## Material supplied
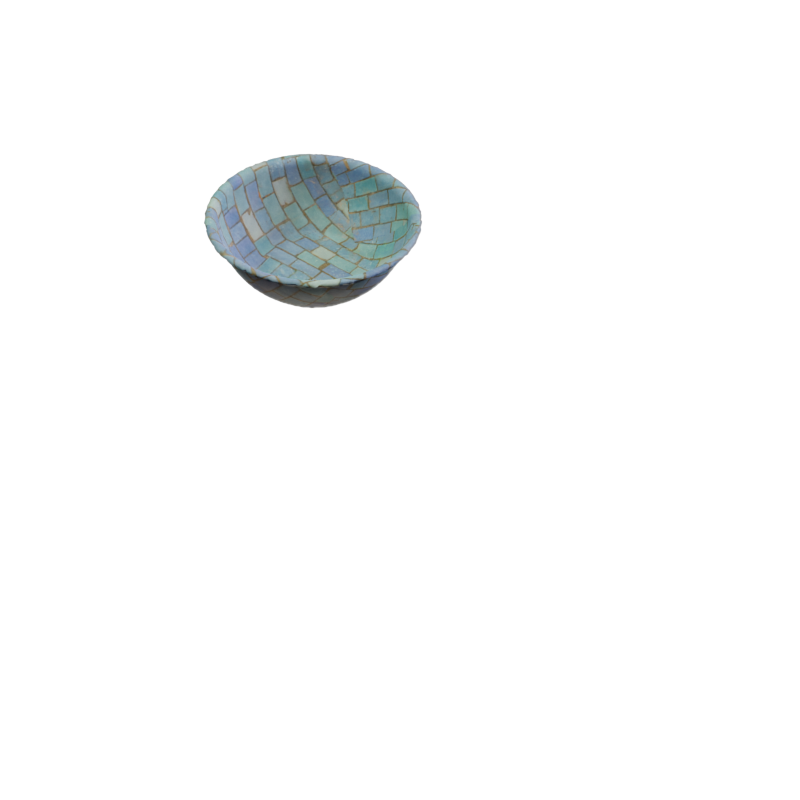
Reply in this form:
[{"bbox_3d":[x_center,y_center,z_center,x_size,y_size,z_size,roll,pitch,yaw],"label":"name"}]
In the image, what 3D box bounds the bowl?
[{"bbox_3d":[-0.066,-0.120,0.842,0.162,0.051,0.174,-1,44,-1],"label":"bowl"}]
* * *
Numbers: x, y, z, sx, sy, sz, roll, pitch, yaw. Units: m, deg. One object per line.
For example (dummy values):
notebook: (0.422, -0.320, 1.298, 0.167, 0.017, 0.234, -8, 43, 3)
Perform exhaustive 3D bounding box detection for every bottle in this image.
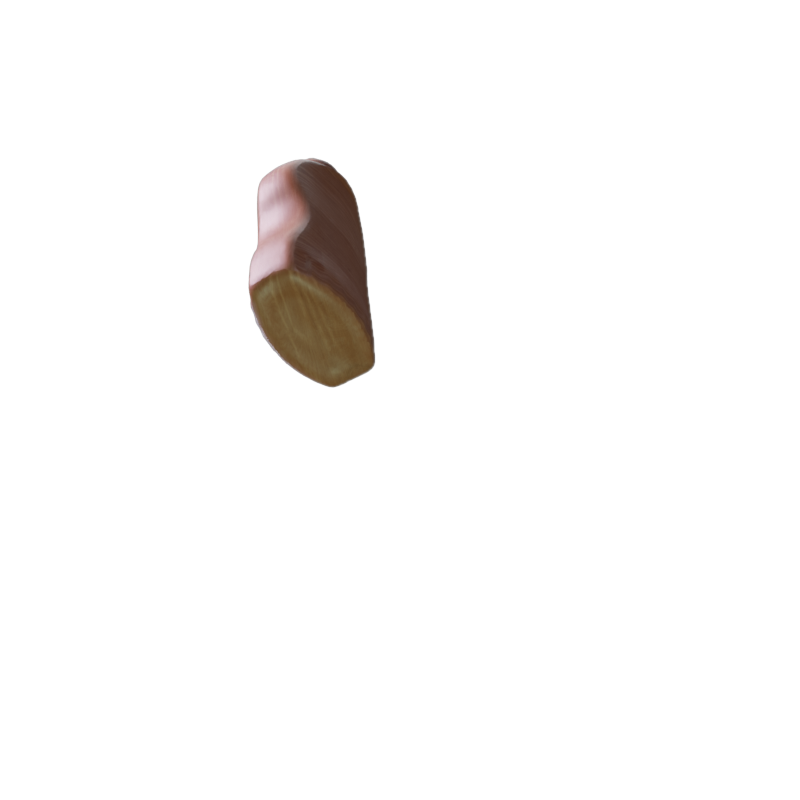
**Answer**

## What the task asks
Among the lines in the material above, some may hold "this". State how many do, and add nothing.

## Task answer
2